== Given entries ==
════════════════════
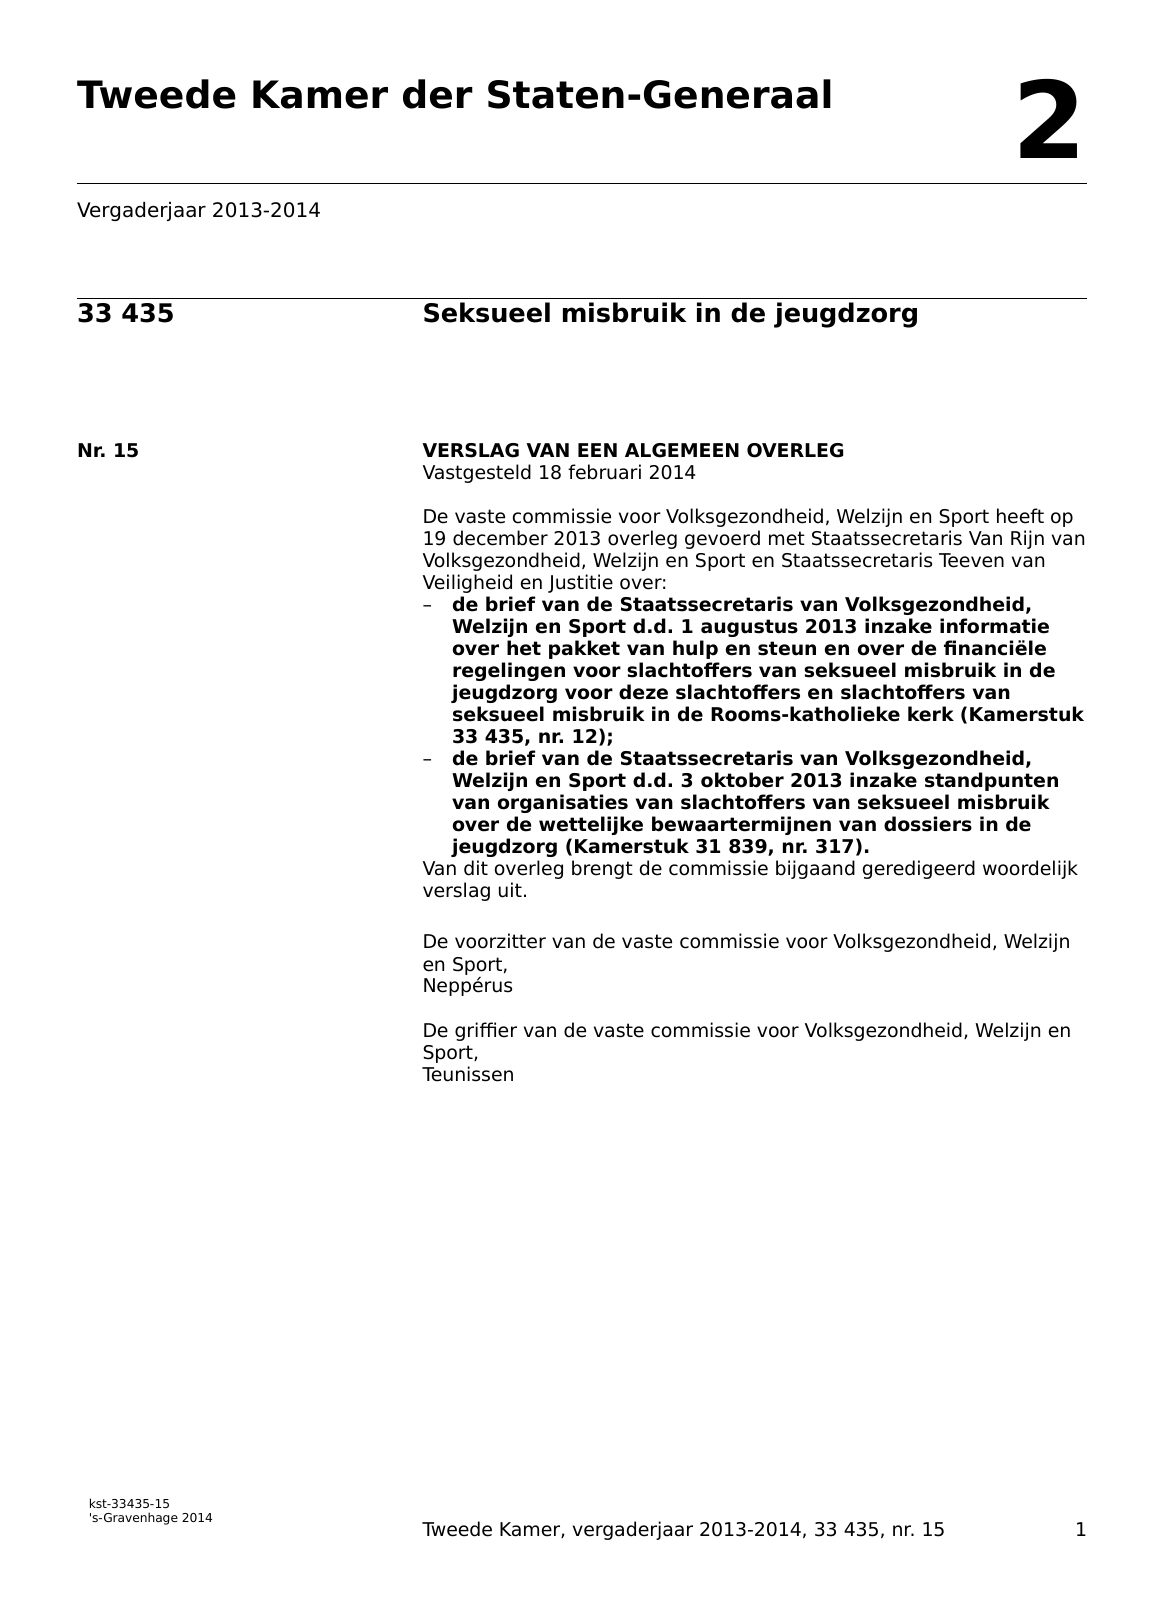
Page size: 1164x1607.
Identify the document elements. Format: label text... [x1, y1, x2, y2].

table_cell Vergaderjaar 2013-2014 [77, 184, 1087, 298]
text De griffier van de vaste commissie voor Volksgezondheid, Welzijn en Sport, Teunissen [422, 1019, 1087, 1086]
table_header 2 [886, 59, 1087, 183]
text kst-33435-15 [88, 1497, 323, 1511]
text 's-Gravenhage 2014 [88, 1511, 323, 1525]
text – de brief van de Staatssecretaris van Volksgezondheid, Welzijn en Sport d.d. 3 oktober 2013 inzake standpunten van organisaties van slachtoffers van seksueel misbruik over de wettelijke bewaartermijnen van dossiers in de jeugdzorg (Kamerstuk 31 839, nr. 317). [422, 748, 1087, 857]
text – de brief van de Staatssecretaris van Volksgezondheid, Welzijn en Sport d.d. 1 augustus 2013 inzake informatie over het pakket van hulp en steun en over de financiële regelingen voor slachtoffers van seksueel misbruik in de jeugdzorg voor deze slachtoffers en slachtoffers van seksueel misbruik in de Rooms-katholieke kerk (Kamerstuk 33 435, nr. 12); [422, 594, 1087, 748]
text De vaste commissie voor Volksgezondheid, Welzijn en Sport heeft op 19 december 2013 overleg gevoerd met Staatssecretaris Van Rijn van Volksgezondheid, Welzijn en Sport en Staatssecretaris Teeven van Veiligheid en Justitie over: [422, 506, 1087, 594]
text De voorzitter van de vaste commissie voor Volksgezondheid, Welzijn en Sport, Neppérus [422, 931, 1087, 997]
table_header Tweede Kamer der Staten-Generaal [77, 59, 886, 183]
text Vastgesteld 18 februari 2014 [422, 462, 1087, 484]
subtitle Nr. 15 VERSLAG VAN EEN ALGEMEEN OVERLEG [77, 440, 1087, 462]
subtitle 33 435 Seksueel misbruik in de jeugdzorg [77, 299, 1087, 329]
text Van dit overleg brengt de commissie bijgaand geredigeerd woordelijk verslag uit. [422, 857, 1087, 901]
════════════════════
== Task description ==
The response has to be an exact copy of all the data, pictures excluded.

== Solved problem ==
Page size: 1164x1607.
Identify the document elements. Format: label text... [x1, y1, x2, y2].

table_cell Vergaderjaar 2013-2014 [77, 184, 1087, 298]
text De griffier van de vaste commissie voor Volksgezondheid, Welzijn en Sport, Teunissen [422, 1019, 1087, 1086]
table_header 2 [886, 59, 1087, 183]
text kst-33435-15 [88, 1497, 323, 1511]
text 's-Gravenhage 2014 [88, 1511, 323, 1525]
text – de brief van de Staatssecretaris van Volksgezondheid, Welzijn en Sport d.d. 3 oktober 2013 inzake standpunten van organisaties van slachtoffers van seksueel misbruik over de wettelijke bewaartermijnen van dossiers in de jeugdzorg (Kamerstuk 31 839, nr. 317). [422, 748, 1087, 857]
text – de brief van de Staatssecretaris van Volksgezondheid, Welzijn en Sport d.d. 1 augustus 2013 inzake informatie over het pakket van hulp en steun en over de financiële regelingen voor slachtoffers van seksueel misbruik in de jeugdzorg voor deze slachtoffers en slachtoffers van seksueel misbruik in de Rooms-katholieke kerk (Kamerstuk 33 435, nr. 12); [422, 594, 1087, 748]
text De vaste commissie voor Volksgezondheid, Welzijn en Sport heeft op 19 december 2013 overleg gevoerd met Staatssecretaris Van Rijn van Volksgezondheid, Welzijn en Sport en Staatssecretaris Teeven van Veiligheid en Justitie over: [422, 506, 1087, 594]
text De voorzitter van de vaste commissie voor Volksgezondheid, Welzijn en Sport, Neppérus [422, 931, 1087, 997]
table_header Tweede Kamer der Staten-Generaal [77, 59, 886, 183]
text Vastgesteld 18 februari 2014 [422, 462, 1087, 484]
subtitle Nr. 15 VERSLAG VAN EEN ALGEMEEN OVERLEG [77, 440, 1087, 462]
subtitle 33 435 Seksueel misbruik in de jeugdzorg [77, 299, 1087, 329]
text Van dit overleg brengt de commissie bijgaand geredigeerd woordelijk verslag uit. [422, 857, 1087, 901]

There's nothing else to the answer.